Instructions by Sinochem’s internal Communist party committee followed. Pirelli subsidiaries in China were told to select board members and talent according to President Xi Jinping’s “vision of Socialism with Chinese characteristics for a new era”.
“As businesspeople we look at the numbers, and so did Sinochem up until a certain point,” said De Sole. “Then it shifted and the issue became purely political.”
As the expiry of the shareholder pact loomed, the new Chinese management updated the agreement with terms more favourable to them.
Tronchetti Provera was horrified but wanted to resolve the issue without escalating it all the way to Rome, according to people close to the executive.
He hopped on his private jet and flew to Hong Kong to meet Sinochem’s new chair and try to persuade him to sell down his company’s 37 per cent stake to about 10 per cent.
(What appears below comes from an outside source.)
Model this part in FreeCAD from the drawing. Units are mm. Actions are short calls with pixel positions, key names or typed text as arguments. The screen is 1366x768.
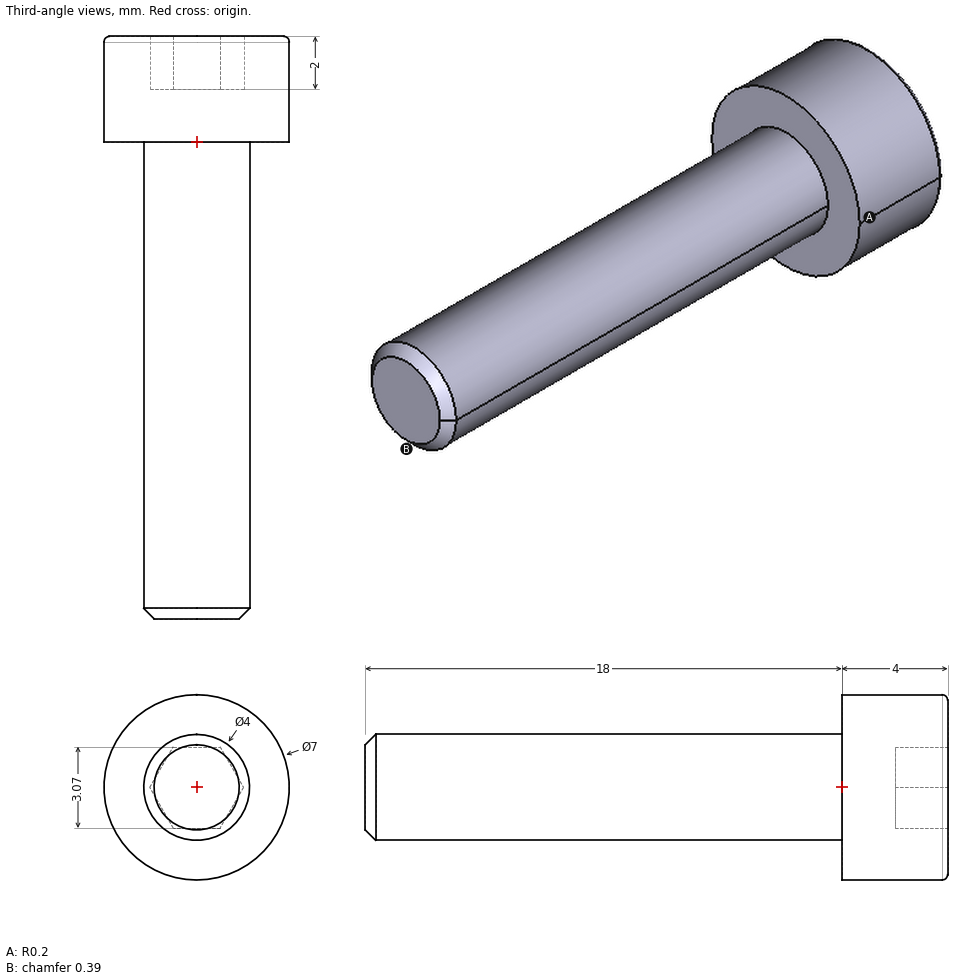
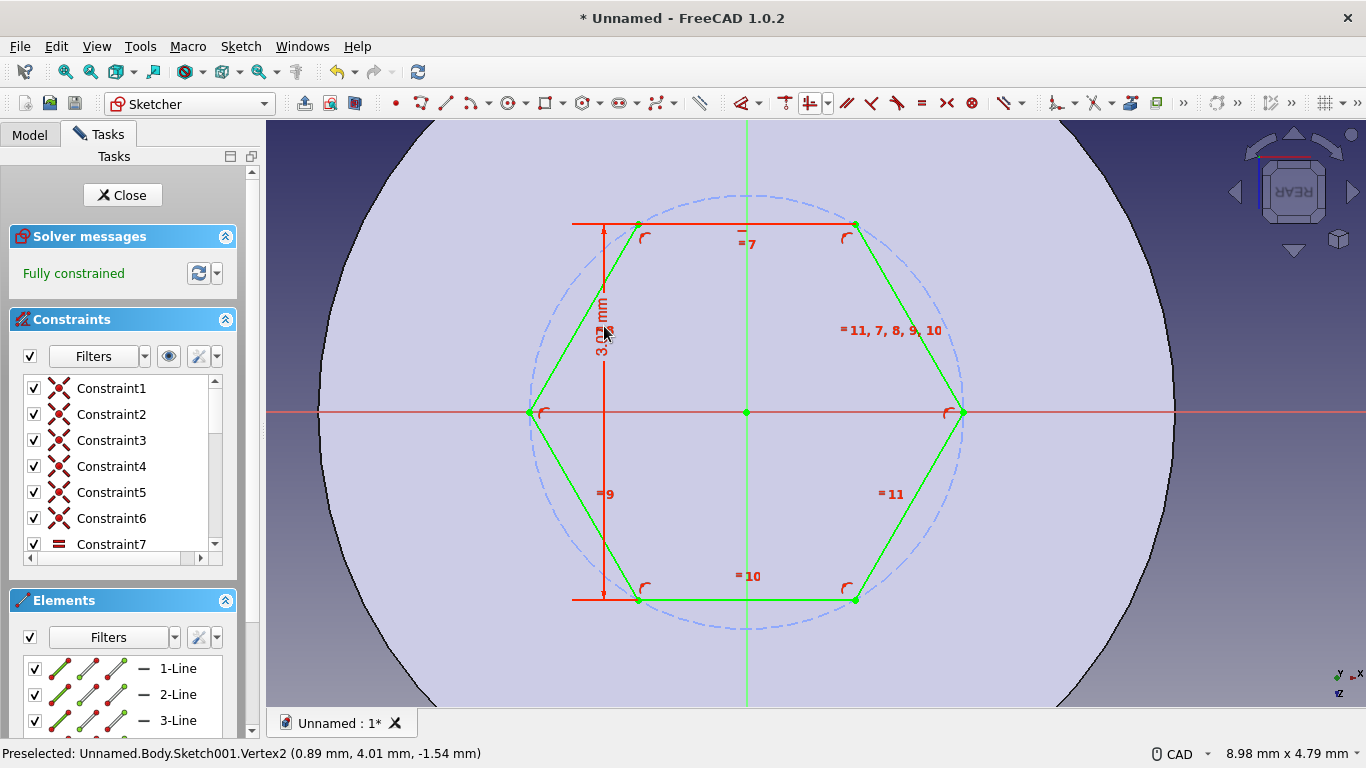
click(123, 195)

But Li refused, saying he did not have the authority to decide, according to multiple people briefed on the discussions.
A notification to Rome about the shareholder pact’s revision dragged Italy’s government into a corporate dispute that has been years in the making, setting up a litmus test of Sino-Italian business ties as Rome considers curbing Chinese influence over one of the crown jewels of Italian industry.
In the words of one ally, “it is also the battle on which Tronchetti’s legacy is hinged”.